The Data Center Coalition, representing tech giants including Google and Meta along with data centre developers, has urged regulators to demand more detailed information from utilities about their forecasts. The coalition advocates for developing best practices to determine the commercial viability of data centre projects.

Aaron Tinjum, the coalition's vice president of energy, stated that improving forecast accuracy and transparency represents a "fundamental first step of really meeting this moment" of energy growth. "Wherever we go, the question is, 'Is the energy growth real? How can we be so sure?'" Tinjum noted. "And we really view commercial readiness verification as one of those important kind of low-hanging opportunities for us to be adopting at this moment."

Igal Feibush, CEO of Pennsylvania Data Center Partners, described utilities as being in a "fire drill" as they attempt to vet the flood of data centre projects seeking electricity connections. He estimates the vast majority will never materialise because many project backers are newcomers who don't understand what's required to actually build a data centre.

States are increasingly taking matters into their own hands to scrutinise utility forecasts and eliminate speculative or duplicate projects. In Texas, where large data centre projects are proving particularly attractive, lawmakers were shocked when grid operator ERCOT reported that peak demand could nearly double by 2030.

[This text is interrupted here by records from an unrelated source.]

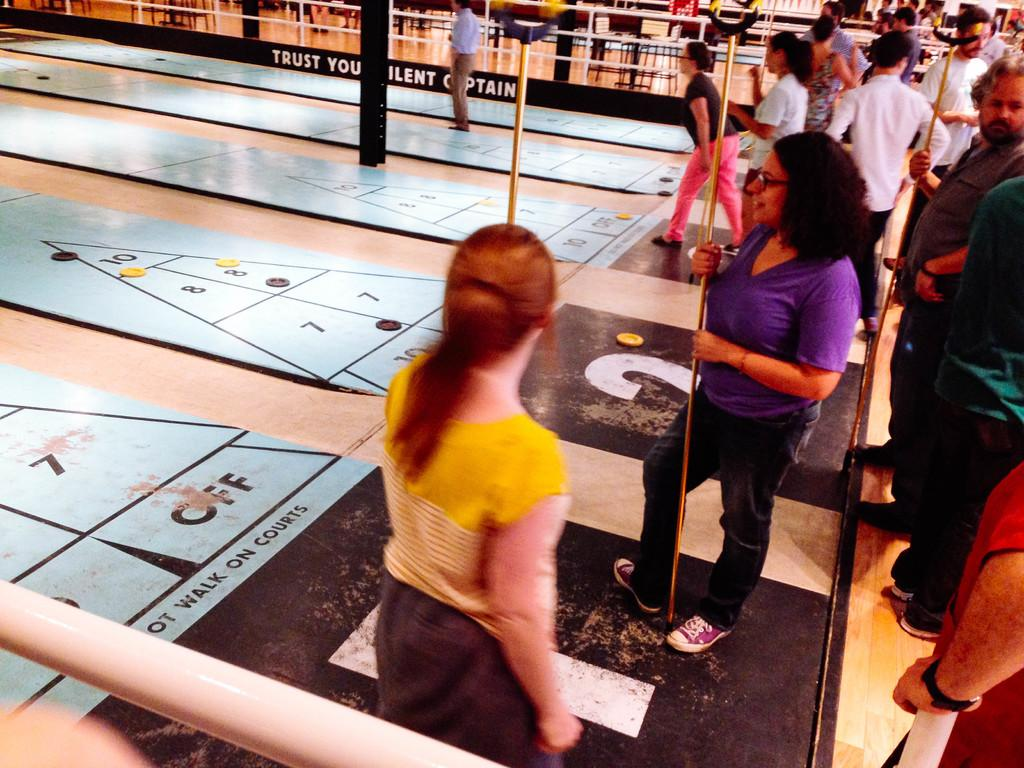What are the people in the image doing? The people in the image are playing a floor game. What are the people using to play the game? The people are holding sticks to play the game. What can be seen in the background of the image? There are chairs and tables in the background of the image. What type of pet is sitting on the manager's lap in the image? There is no manager or pet present in the image. How many curves can be seen in the floor game being played in the image? The floor game being played in the image does not involve any curves. 
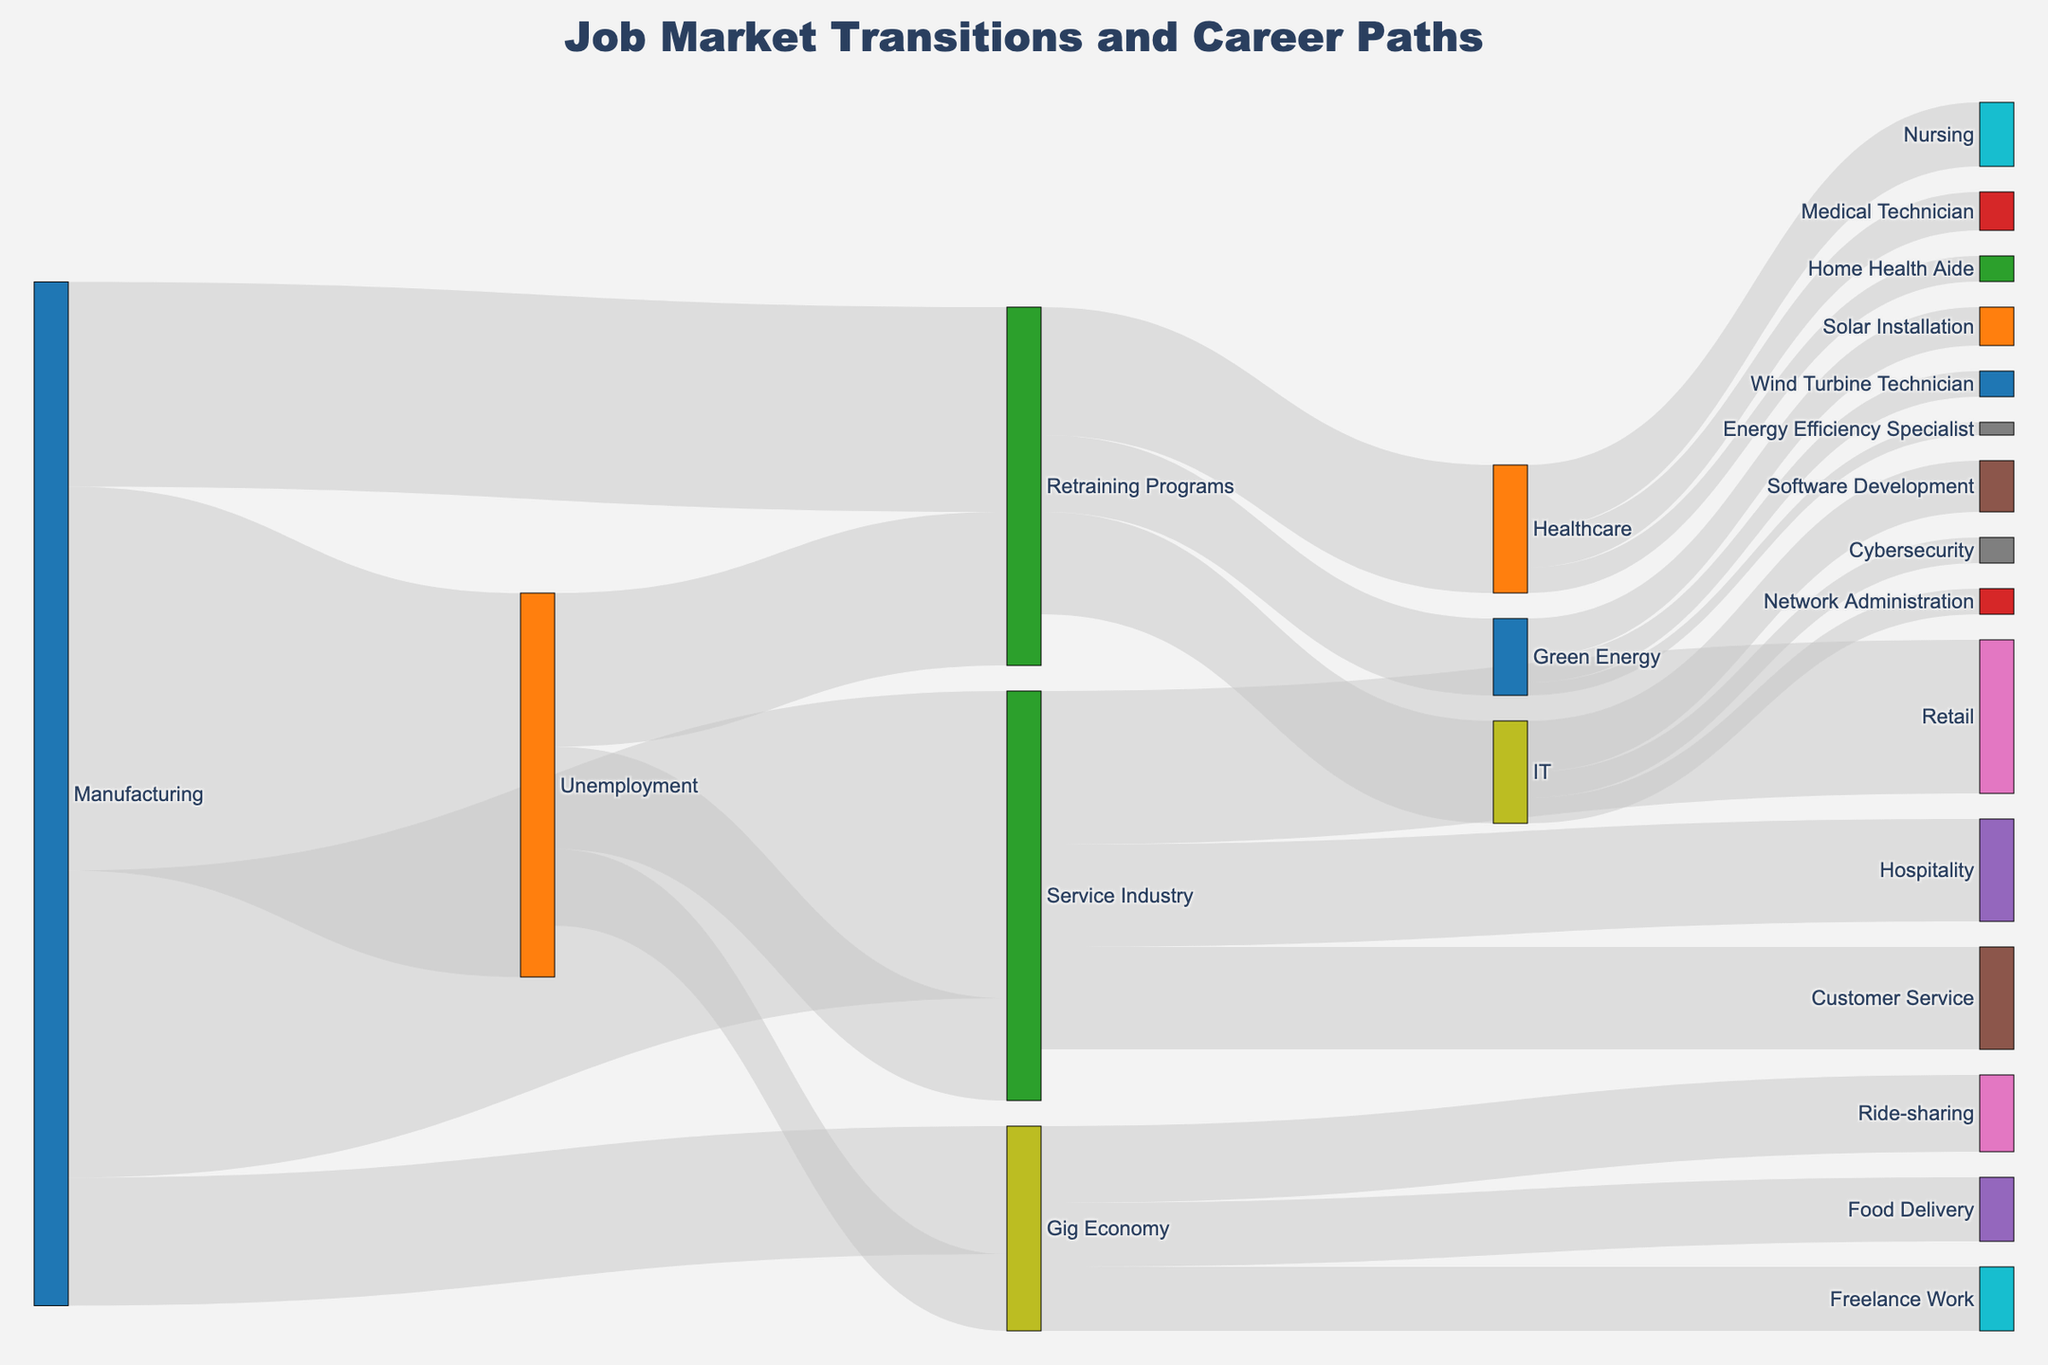what is the most common transition from manufacturing? By looking at the figure, the transitions from manufacturing can be seen leading to unemployment, retraining programs, service industry, and gig economy. The arrow with the widest band represents the most common transition. According to the visual information in the diagram, the broadest arrow goes from manufacturing to unemployment with a value of 1500.
Answer: Unemployment How many people went from retraining programs to IT? The Sankey diagram shows the transitions from retraining programs to different sectors with varying widths of arrows indicating the number of people. To find the specific transition to IT, we locate the arrow labeled as going towards IT from retraining programs. The figure shows a transition of 400 people from retraining programs to IT.
Answer: 400 Which final destination has the least number of people in the gig economy? Gigs in the gig economy illustrated are ride-sharing, food delivery, and freelance work. By comparing the widths of arrows leading to these destinations, we find the thinnest arrow to determine the least number of people. The diagram indicates that ride-sharing (300), food delivery (250), and freelance work (250). The smallest groups being food delivery and freelance work each receive 250 workers.
Answer: Food Delivery and Freelance Work What’s the total number of people transitioning from manufacturing? To find the total number of transitions from manufacturing, we sum up all the values associated with transitions from that node. The diagram shows transitions as 1500 to unemployment, 800 to retraining programs, 1200 to service industry and 500 to gig economy. Summing these gives 1500 + 800 + 1200 + 500 = 4000.
Answer: 4000 How many more people transitioned to the IT sector compared to the Healthcare sector after retraining programs? The diagram shows transitions from retraining programs to IT (400), Healthcare (500), and Green Energy (300). To find how many more people transitioned to IT compared to Healthcare, we need to perform the difference 500 - 400 = 100. Hence, 100 more people transitioned to Healthcare than IT.
Answer: 100 Which transition from unemployment has the fewest people? Observing the arrows from the unemployment node, we see transitions to retraining programs, service industry, and gig economy. By inspecting the widths and values, there are 600 to retraining programs, 400 to the service industry, and 300 to the gig economy. The fewest transition is the gig economy with 300.
Answer: Gig Economy What is the most common job in the service industry based on transitions from the service industry sector? In the Sankey diagram, the service industry transitions are divided into retail, hospitality, and customer service. To identify the most common job in this sector, we observe the widest arrow among these transitions. According to the diagram, retail receives the largest transition with a value of 600, indicating it's the most common job in the service industry.
Answer: Retail How many people in total transitioned into the healthcare sub-sector from the gig economy? To find the total number of people entering the healthcare sub-sector from the gig economy, we identify all relevant transitions. The diagram shows transitions from healthcare include nursing (250), medical technician (150), and home health aide (100). Summing these gives 250 + 150 + 100 = 500.
Answer: 500 What are the total number of people moving from unemployment to retraining programs and subsequently into IT? We follow the path from unemployment to retraining programs and then into IT. According to the diagram, 600 people move from unemployment to retraining programs and 400 out of these move into IT. Thus, the final count of people moving from unemployment to IT through retraining programs is 400.
Answer: 400 
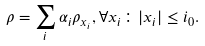<formula> <loc_0><loc_0><loc_500><loc_500>\rho = \sum _ { i } \alpha _ { i } \rho _ { x _ { i } } , \forall x _ { i } \colon | x _ { i } | \leq i _ { 0 } .</formula> 
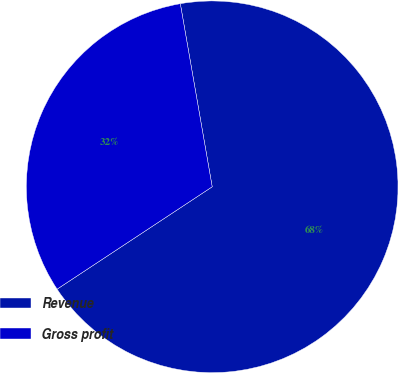Convert chart to OTSL. <chart><loc_0><loc_0><loc_500><loc_500><pie_chart><fcel>Revenue<fcel>Gross profit<nl><fcel>68.46%<fcel>31.54%<nl></chart>

Texas state Senator Phil King remarked during a hearing earlier this year that grid operators, utility regulators and utilities themselves couldn't determine whether power requests "are real or just speculative or somewhere in between." This prompted legislation requiring data centre developers to disclose whether they've submitted electricity requests elsewhere in Texas and to demonstrate substantial financial commitment to their proposed sites.

Consumer Costs Already Rising

The impact on consumers is already becoming apparent. PPL Electric Utilities, serving 1.5 million customers across central and eastern Pennsylvania, projects that data centres will more than triple its peak electricity demand by 2030.

Vincent Sorgi, president and CEO of PPL Corp., assured analysts during an earnings call that the data centre projects "are real, they are coming fast and furious" and that the "near-term risk of overbuilding generation simply does not exist." PPL maintains that the data centre projects included in their forecast are backed by contracts featuring financial commitments often reaching tens of millions of dollars.

Nevertheless, these projections prompted Pennsylvania state Representative Danilo Burgos to introduce legislation strengthening state utility regulators' authority to inspect how utilities compile their energy demand forecasts. Ratepayers in Burgos' Philadelphia district recently faced electricity bill increases attributed by utility PECO to rising wholesale electricity costs in the mid-Atlantic grid, driven primarily by data centre demand.

Representative Burgos emphasised the need for greater consumer protection to ensure ratepayers benefit from the higher costs. "Once they make their buck, whatever company," Burgos stated, "you don't see no empathy towards the ratepayers."

The Edison Electric Institute, a trade association representing for-profit electric utilities, has expressed support for efforts to improve demand forecasting accuracy, acknowledging the critical importance of reliable data for planning future energy infrastructure investments that could ultimately cost consumers billions.